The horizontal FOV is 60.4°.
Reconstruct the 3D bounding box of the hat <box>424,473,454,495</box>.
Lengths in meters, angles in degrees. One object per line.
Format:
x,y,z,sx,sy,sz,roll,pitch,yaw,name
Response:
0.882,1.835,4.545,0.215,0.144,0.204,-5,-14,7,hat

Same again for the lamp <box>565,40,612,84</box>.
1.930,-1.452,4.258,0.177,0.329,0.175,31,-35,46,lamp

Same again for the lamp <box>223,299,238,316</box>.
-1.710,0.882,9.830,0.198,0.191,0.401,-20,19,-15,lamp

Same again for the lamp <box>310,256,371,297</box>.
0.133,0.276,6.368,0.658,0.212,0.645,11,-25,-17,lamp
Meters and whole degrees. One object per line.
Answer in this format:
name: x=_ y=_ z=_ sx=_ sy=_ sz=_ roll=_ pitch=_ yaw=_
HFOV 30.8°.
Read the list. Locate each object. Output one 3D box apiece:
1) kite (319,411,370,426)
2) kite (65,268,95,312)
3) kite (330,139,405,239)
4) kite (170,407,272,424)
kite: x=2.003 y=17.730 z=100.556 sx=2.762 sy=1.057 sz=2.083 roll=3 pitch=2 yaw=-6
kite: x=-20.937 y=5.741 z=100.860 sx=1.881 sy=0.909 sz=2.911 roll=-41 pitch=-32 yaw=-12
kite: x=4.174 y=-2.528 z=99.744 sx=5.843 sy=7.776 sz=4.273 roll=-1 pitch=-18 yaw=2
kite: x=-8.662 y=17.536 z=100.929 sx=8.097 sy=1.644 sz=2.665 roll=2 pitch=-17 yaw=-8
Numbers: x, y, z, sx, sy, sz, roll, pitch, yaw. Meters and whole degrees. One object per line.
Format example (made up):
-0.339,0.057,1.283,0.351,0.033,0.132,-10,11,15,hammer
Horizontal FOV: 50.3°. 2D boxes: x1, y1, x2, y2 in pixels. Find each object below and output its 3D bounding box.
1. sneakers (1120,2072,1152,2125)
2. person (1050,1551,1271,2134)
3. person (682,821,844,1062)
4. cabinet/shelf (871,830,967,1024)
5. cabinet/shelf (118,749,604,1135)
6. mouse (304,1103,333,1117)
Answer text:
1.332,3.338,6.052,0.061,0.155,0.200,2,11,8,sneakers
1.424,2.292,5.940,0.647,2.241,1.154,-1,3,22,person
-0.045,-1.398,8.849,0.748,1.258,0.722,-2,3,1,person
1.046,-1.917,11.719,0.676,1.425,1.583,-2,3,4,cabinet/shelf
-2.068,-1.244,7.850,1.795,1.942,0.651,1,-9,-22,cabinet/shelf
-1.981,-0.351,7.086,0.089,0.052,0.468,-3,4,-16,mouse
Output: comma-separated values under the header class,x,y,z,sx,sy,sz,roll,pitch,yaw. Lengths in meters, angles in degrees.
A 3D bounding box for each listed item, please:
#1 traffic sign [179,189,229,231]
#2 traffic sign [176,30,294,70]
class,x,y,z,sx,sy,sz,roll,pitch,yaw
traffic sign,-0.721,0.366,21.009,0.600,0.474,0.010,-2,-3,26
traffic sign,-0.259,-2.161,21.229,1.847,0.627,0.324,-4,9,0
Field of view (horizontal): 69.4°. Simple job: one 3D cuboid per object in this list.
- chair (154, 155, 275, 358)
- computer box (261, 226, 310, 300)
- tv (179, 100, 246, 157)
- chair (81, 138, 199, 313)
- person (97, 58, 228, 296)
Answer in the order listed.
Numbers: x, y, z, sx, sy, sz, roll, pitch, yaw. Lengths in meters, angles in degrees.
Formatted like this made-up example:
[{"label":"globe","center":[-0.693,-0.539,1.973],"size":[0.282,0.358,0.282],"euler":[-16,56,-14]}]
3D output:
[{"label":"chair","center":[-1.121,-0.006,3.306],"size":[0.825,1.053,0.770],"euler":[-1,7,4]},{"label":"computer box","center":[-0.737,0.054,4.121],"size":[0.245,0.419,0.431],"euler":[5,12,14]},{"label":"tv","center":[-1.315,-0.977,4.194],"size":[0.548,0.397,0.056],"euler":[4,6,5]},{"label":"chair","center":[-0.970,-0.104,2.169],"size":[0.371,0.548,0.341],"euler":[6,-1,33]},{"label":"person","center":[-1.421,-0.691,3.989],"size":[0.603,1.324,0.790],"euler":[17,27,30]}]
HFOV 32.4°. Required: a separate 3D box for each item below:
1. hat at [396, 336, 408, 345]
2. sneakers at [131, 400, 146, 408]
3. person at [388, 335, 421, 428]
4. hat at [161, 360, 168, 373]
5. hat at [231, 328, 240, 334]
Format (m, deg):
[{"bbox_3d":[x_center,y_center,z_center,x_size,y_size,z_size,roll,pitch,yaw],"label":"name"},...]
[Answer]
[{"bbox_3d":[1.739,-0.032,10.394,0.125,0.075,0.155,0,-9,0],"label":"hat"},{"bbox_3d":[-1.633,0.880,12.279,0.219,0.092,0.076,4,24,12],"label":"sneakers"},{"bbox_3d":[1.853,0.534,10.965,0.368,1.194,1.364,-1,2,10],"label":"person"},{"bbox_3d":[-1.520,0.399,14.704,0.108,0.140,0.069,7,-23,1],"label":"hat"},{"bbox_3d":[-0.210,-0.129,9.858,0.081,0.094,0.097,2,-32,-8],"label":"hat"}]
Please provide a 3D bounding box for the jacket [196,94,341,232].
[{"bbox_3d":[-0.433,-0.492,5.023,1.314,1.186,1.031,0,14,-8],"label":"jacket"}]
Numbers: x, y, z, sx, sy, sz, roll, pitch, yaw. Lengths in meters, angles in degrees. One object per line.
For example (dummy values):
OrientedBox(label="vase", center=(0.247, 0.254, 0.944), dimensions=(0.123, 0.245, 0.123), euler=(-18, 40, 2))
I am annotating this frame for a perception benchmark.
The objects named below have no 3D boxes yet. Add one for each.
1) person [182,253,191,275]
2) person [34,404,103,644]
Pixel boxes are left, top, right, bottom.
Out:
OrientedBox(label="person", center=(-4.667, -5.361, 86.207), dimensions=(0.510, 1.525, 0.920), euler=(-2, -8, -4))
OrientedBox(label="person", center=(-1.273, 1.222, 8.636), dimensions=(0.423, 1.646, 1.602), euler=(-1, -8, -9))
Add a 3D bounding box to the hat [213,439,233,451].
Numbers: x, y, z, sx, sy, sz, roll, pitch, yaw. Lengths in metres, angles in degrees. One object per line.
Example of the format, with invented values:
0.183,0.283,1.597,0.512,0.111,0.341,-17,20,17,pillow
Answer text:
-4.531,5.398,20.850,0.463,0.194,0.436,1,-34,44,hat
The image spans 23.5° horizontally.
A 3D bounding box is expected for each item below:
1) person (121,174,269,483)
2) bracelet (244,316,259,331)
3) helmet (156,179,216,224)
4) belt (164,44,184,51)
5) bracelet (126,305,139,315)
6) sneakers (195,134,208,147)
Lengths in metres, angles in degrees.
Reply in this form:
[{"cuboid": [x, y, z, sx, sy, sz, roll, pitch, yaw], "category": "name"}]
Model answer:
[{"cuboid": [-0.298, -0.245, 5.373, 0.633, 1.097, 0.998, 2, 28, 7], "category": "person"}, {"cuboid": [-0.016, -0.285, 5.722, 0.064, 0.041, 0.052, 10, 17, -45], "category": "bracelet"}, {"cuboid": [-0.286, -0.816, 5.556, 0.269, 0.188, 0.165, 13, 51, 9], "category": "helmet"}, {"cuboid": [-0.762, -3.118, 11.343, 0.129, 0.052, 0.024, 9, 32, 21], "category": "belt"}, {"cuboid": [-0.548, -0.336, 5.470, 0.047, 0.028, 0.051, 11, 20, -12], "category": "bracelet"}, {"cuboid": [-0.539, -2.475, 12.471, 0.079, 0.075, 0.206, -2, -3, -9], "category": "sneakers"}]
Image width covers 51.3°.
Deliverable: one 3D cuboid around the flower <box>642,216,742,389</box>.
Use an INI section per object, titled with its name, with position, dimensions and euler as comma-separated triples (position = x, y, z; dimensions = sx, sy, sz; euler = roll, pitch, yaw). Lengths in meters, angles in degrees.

===

=== WHAT YOU NEED TO DO ===
Please report how many lines in the records above contain the word "listed", and give nothing but the number.

=== TASK RESULT ===
2